Jihoon membaringkan tubuhnya disisi Woojin yang tengah mengutak atik ponsel. Pemuda manis itu mendusel ke sang kakak yang nampak tidak terganggu. Sibuk mengedit foto untuk diunggah ke blog sekolah. Woojin aktif di klub fotografi. Sejak kelas satu hasil fotonya selalu bagus. Objek foto yang Woojin pilih juga selalu berhasil membuat banyak orang terkesima. Ketika naik kelas dua Woojin terpilih menjadi ketua klub fotografi. Pergi ke Jeju selama seminggu tidak membuat tugasnya sebagai ketua klub fotografi terbengkalai. Pemuda bersnagglethooth itu membiarkan Jihoon menyandarkan kepala di bahu. Samar samar Woojin dapat mencium aroma tubuh Jihoon yang seperti bayi. Harum yang menenangkan.

"Woojinie serius mau mendaftar ke akademi militer?"

Woojin melirik Jihoon yang sibuk menggigiti telinga plushie kelinci merah muda yang tengah ia peluk.

"serius"

"tidak mau jadi fotografer saja?"

"hah? Kenapa tiba tiba bertanya seperti itu?"

Jihoon menoleh mengangkat kepalanya hingga bertemu pandang dengan Woojin yang kini memfokuskan atensi pada sang adik.
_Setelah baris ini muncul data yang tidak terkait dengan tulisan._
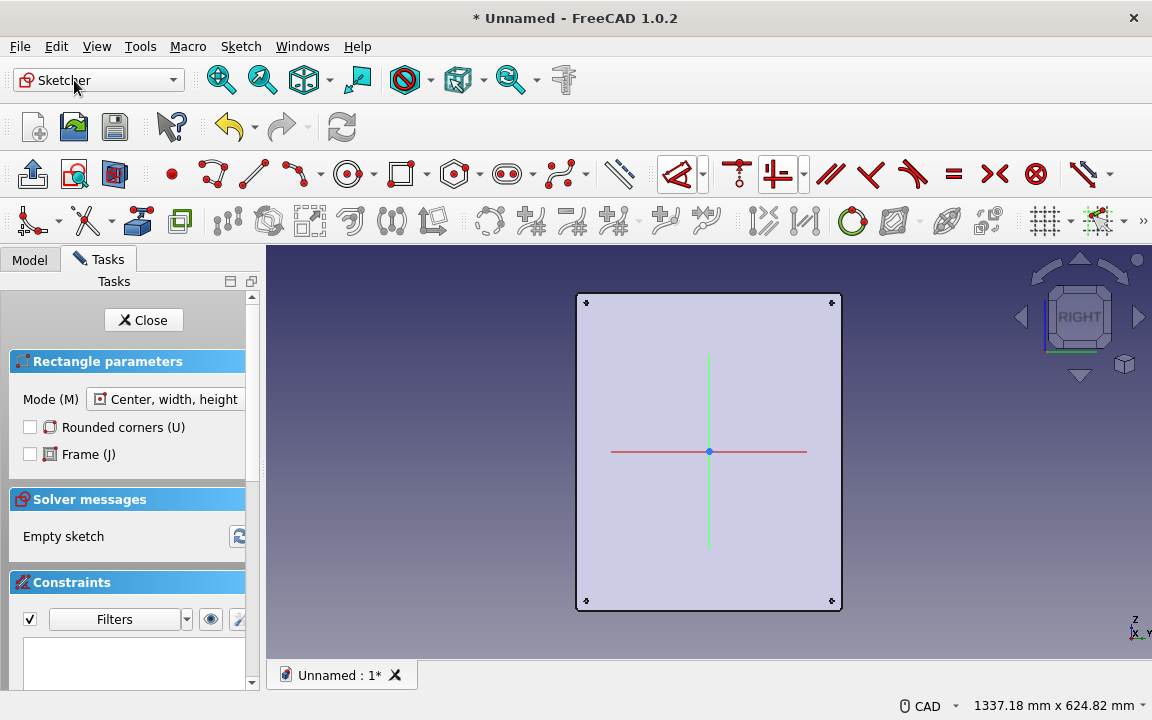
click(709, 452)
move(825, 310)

Woojin dan Jihoon itu luar biasa kontras. Mereka kembar yang tidak identik. Baik dari segi penampilan maupun kepribadian. Woojin yang secara dari atas kebawah mirip sekali dengan Jimin, mewarisi kepribadian Yoongi yang super judes. Sedangkan Jihoon yang dilihat dari sisi manapun sudah seperti fotocopy Yoongi, malah mewarisi kepribadian Jimin yang hangat dan menyenangkan.

"habis, Woojinie lebih cocok jadi fotografer. Kan kalau Woojinie jadi fotografer, Woojinie akan sering ada di rumah" bibir tipis Jihoon yang ia warisi dari Yoongi merengut lucu "nanti Woojinie seperti paman Jungkook yang jarang pulang ke rumah. Nanti Jihoonie dan Ibu akan kesepian ketika Ayah dinas keluar kota. Jangan jadi tentara ya Woojinie" Jihoon merengek pelan.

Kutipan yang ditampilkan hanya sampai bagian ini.